Wednesday, April 24, 2013 - 6:50pm

It used to be whenever you went to a coffee house or diner, you would get plain old black coffee. You would maybe put some creamer and a little bit of sugar to spice it up, depending on your preference, and that was it - until the invention of the espresso machine.

Espresso machines were first developed in Italy in the late 1880's by Angelo Moriondo of Turin, Italy. He was given a patent in 1884 for what was considered as “The new steam machinery for the economic and instantaneous confection of coffee beverage.” Many other Italians patented their own form of espresso machines, and the age of "instant coffee" was conceived. After the huge success in Europe, it was time to market it to America. It was then brought to the United States by an Italian named Carlo Di Ruocco in 1978; he took a new idea - that of roasting finely ground coffee beans with aged oak, and creating a thicker consistency - to new heights, patenting his formula.
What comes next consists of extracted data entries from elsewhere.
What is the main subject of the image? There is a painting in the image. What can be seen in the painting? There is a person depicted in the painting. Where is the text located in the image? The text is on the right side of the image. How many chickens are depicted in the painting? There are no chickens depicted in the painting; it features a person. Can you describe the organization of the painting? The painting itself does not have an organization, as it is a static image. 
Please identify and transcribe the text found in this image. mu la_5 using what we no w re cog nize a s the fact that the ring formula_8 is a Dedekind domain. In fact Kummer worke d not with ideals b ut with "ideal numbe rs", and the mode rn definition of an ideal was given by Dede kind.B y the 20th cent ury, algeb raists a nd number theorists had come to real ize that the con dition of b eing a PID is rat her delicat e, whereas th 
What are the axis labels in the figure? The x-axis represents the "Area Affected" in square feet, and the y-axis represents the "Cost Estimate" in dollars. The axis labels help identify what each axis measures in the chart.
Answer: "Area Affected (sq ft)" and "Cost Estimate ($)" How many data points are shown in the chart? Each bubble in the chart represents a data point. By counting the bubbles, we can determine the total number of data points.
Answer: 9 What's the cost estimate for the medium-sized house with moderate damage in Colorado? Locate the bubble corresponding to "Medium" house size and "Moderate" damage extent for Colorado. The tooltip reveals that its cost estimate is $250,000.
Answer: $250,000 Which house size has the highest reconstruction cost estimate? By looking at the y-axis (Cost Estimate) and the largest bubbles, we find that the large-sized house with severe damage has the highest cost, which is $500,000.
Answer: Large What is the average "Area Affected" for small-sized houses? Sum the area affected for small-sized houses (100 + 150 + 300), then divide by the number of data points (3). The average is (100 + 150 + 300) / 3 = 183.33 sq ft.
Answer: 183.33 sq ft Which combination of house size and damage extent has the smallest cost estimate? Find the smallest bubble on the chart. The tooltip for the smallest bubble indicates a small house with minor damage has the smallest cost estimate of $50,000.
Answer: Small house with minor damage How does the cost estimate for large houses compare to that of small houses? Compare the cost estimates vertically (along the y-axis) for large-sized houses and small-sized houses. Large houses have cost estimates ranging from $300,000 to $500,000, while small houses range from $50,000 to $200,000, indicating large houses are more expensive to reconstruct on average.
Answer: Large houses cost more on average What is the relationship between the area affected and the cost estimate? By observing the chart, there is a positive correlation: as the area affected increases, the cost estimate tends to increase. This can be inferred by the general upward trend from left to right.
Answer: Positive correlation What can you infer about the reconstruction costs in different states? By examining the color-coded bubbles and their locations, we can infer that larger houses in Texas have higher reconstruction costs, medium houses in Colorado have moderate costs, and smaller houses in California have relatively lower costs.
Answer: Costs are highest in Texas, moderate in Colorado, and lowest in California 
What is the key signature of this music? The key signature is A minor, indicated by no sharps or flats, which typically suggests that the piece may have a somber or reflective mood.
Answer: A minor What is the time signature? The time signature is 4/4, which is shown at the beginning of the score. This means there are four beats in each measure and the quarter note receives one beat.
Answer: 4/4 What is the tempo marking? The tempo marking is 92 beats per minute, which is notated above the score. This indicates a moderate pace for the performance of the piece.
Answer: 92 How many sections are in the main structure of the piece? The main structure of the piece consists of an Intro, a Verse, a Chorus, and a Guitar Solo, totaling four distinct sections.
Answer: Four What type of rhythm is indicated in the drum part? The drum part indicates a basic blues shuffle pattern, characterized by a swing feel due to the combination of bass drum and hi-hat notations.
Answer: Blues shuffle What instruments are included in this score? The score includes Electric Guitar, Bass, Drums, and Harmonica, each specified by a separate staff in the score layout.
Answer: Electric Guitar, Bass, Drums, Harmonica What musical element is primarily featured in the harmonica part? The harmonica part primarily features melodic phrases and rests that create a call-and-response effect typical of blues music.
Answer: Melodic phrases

He began selling espresso equipment to Italian restaurants in California. To say it was a success was an understatement, and "Mr. Espresso", the name given to him from his clients, was born. He began selling his machine to other big corporations around the Bay area, with the North Beach the mainstay of his business. Today, he is now well-known for his aged oak espressos, and is still selling them.

Around the same time, across the U.S., in south Florida, an influx of Cuban refugees were bringing their own love of espressos to the area, although just for the Cuban community, at first. However, a little known coffeehouse sprang up in Seattle, WA - Starbucks - first opening its doors in 1971; they began serving their own version of espressos in restaurants. It was a huge success, which led to other coffee houses serving espressos. The boom began spreading through America, and espresso soon became a household name, with the explosion occurring in the 1990's.

With the advent of espressos, coffee houses began adding different flavorings to the coffee, including sweeteners, syrups, whipped cream, flavor extracts, soy milk, and many different types of aromatic spices to their drinks. San Francisco, New York, Philadelphia, and Chicago became well-known for their espressos, and as the old saying goes, "the rest is history," with espresso businesses and manufacturers of espresso machines now dotted all over the map, in restaurants, homes, and businesses.

There are four main categories of espresso machines: manual, semi-automatic, fully-automatic, and super-automatic. Manual machines are a kick back to the historic past of espresso machines, but are quite difficult to operate, unlike the super-automatic machines of today - which can be counted among the best espresso machines available.
  
Today, you can get many different types of coffee, including the espresso, frappuccino, lattes, and other coffee concoctions - in fact, you can get the very best espresso machines and make your own coffee at home, or at the office. Websites have sprung up in the last decade, promising the best espresso machines on the market. As they continue to evolve, espresso machines are becoming more compact, more sleek, and easier to use, and will continue to be a household name for years to come.